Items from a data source
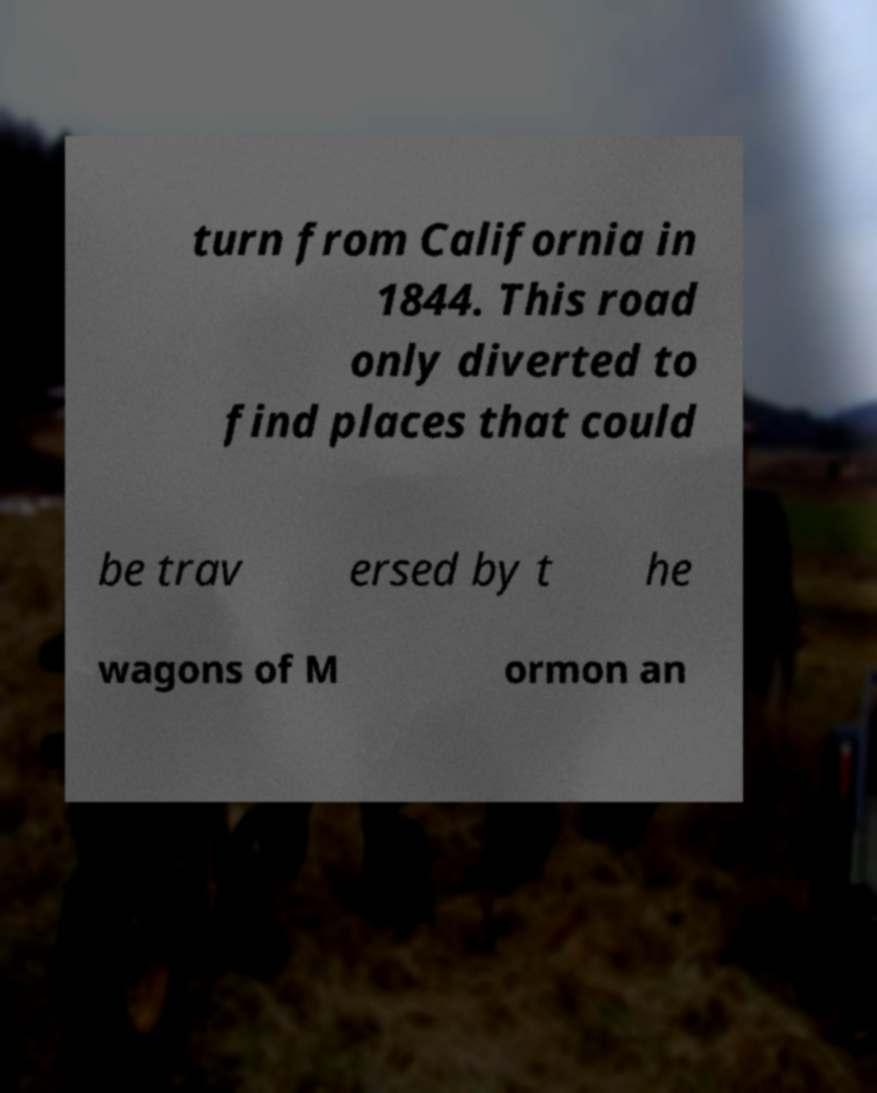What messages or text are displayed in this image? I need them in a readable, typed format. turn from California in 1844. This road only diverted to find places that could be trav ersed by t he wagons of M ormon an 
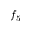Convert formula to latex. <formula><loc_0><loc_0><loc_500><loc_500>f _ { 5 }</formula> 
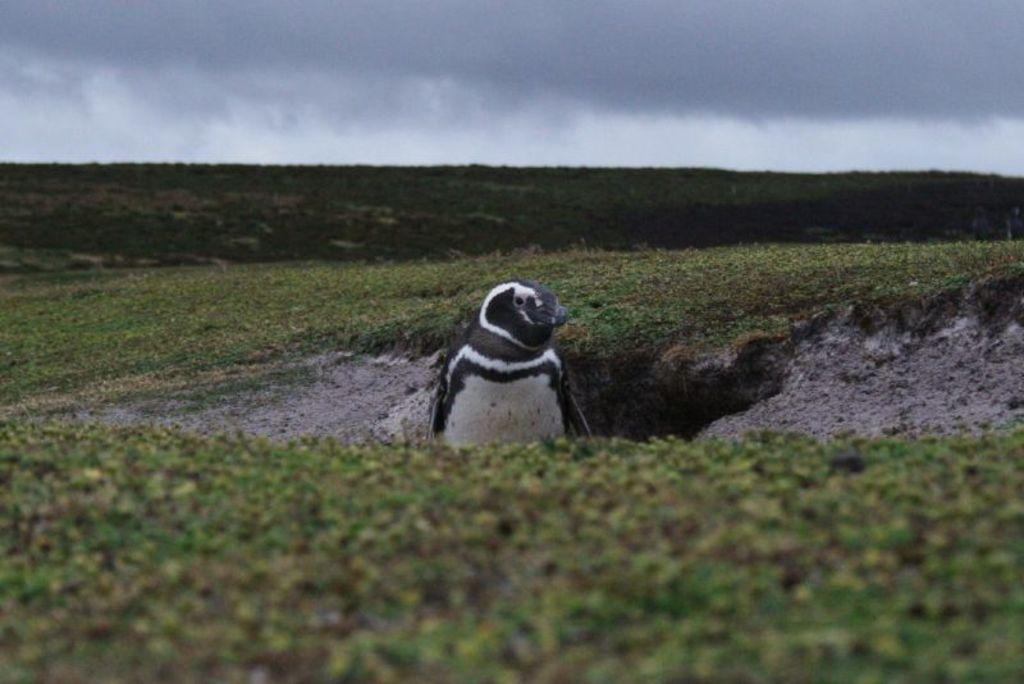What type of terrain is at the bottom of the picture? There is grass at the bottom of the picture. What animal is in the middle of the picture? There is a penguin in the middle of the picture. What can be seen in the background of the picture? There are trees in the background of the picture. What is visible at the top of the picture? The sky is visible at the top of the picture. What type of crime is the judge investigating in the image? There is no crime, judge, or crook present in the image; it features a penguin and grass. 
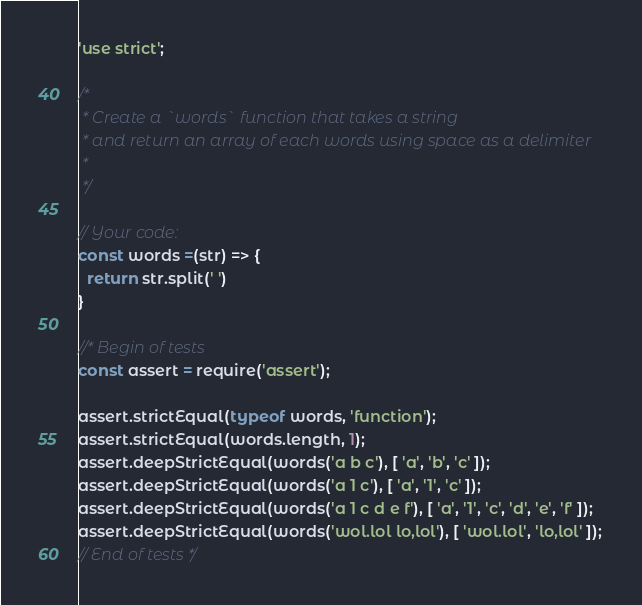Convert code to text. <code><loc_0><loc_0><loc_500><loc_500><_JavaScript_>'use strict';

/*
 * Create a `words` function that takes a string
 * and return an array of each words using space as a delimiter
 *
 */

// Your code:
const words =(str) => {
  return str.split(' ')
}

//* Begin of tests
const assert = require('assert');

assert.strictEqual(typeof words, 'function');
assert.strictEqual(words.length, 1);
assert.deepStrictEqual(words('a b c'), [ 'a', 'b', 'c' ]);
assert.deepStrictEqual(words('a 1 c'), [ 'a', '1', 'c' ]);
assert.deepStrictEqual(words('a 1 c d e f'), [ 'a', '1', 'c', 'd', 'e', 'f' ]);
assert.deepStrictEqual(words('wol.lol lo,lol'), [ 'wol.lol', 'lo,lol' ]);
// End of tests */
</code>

The problem
Repeat exactly the lines above from the one with "assert.strictEqual(typeof words, 'function');" up to and including the one with "assert.deepStrictEqual(words('a 1 c d". No other line belongs in the reply.

Reply to the task
assert.strictEqual(typeof words, 'function');
assert.strictEqual(words.length, 1);
assert.deepStrictEqual(words('a b c'), [ 'a', 'b', 'c' ]);
assert.deepStrictEqual(words('a 1 c'), [ 'a', '1', 'c' ]);
assert.deepStrictEqual(words('a 1 c d e f'), [ 'a', '1', 'c', 'd', 'e', 'f' ]);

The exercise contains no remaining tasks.